This master thesis is a simulation-based study of different factors determining bias in connectivity between brain sources reconstructed using electroencephalography (EEG) techniques. In particular, the goal of this document is to propose and analyze algorithms to carry out feature ranking with different algorithms i.e. giving a measure of usefulness for each input variable.
In addition to this, we will evaluate factors determining connectivity between brain sources reconstructed from sensor measures, based on false positive rate (FPR). The idea is to have a set of features which explain false connection between brain sources (via false positive rate).

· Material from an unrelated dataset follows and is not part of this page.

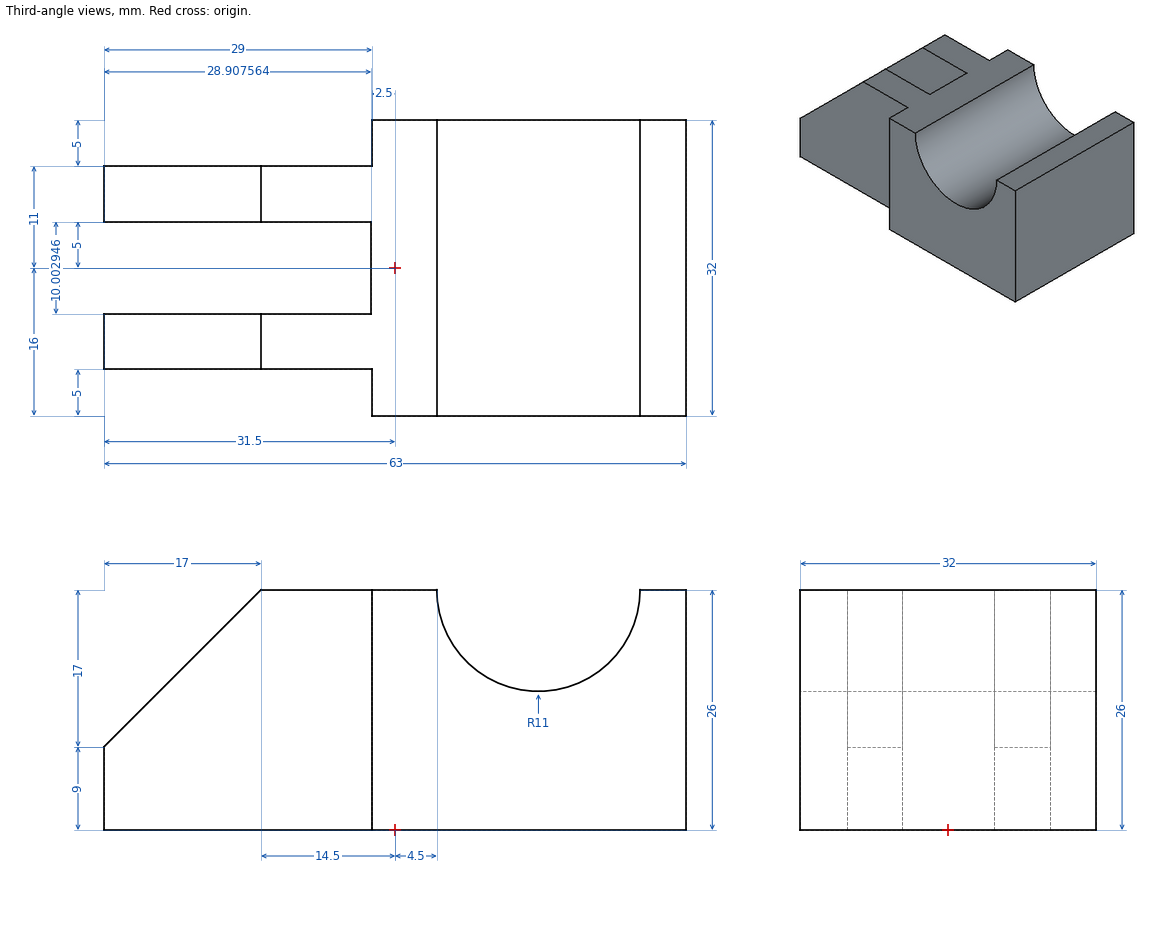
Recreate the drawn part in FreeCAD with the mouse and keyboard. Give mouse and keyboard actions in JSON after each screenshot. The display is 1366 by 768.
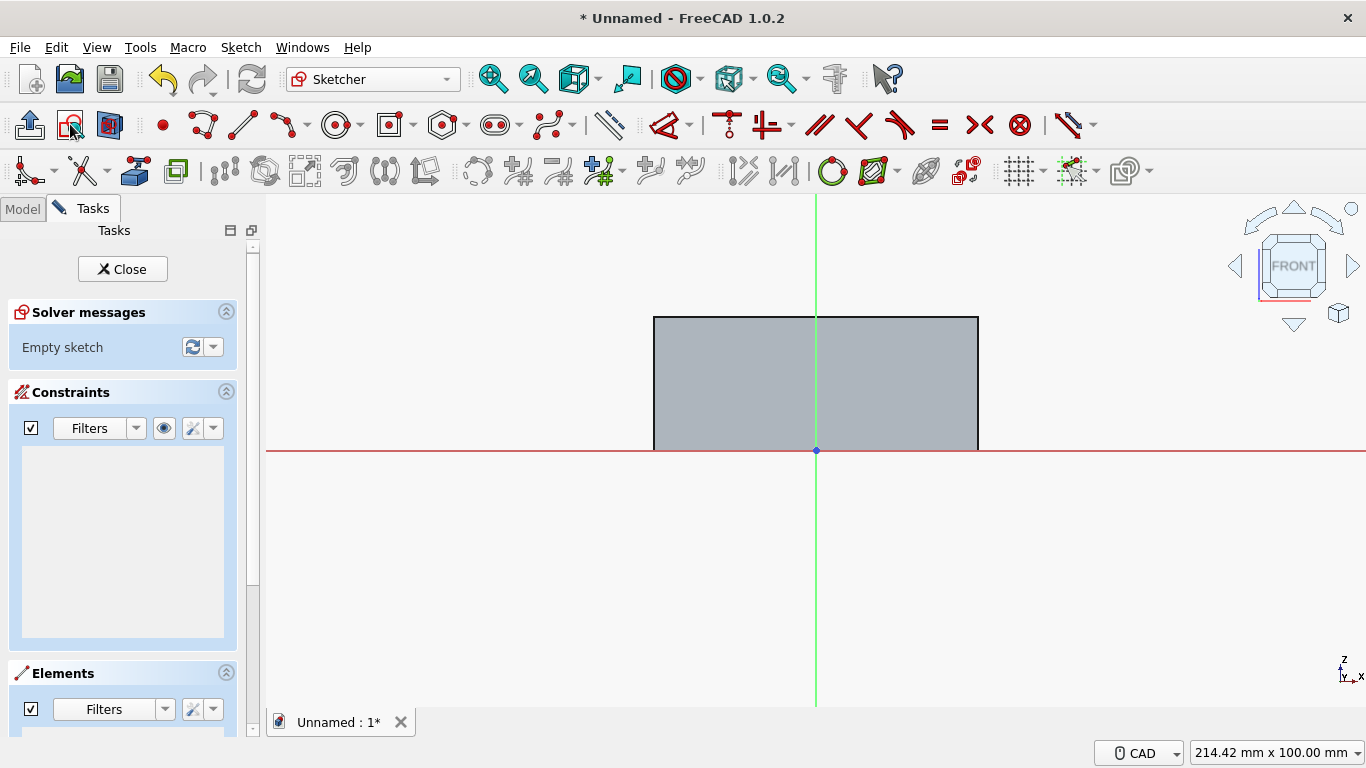
{"action": "scroll", "coordinate": [995, 329], "scroll_direction": "up", "scroll_amount": 4}
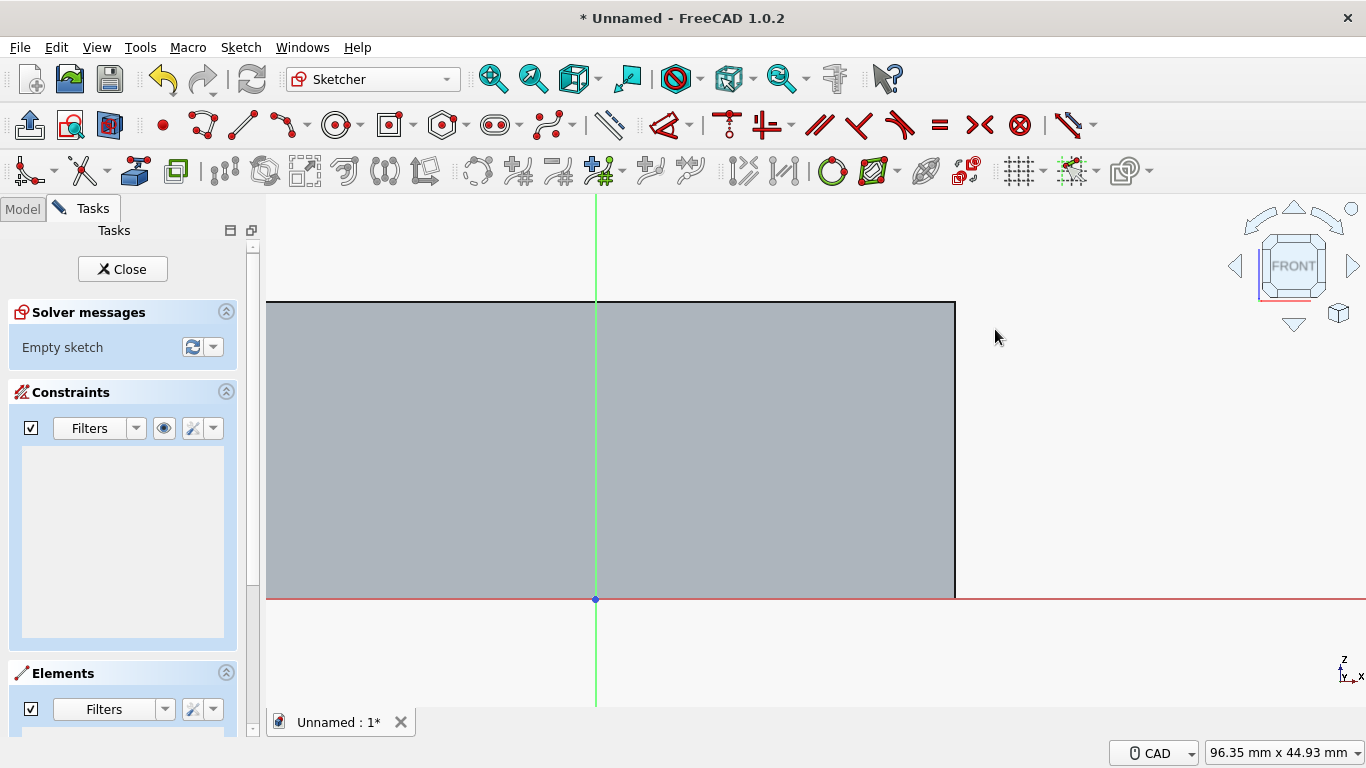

This thesis attempt to explore comparative study of state-of-the-art feature selection methods. Recursive Feature Elimination algorithm will further be compared with Univariate Feature Selection (Chi-squared statistics) and Gradient Boosting Machine. Selecting the most representative features will provide a better understanding of the underlying process.
High Performance Computer of Ghent University has been used for massive data simulation.
This Master thesis is structured as follow. Chapter 1 contains a brief overview of EEG and source localization problem. Afterwards, related work on this subject explained in detail: experiment design, performance metrics and different source localization and connectivity estimate explanation. We end up by presenting research question.
In Chapter 2 we discuss theoretical background of machine learning and statistical methods that we care going to use: Binary classification, different types of Feature selection techniques.
In Chapter 3 whole process of feature selection process is detailed from data generation, preprocessing, explorative data analysis and feature selection.
At the end, in Chapter 4 we discuss our findings and propose future works related to this thesis.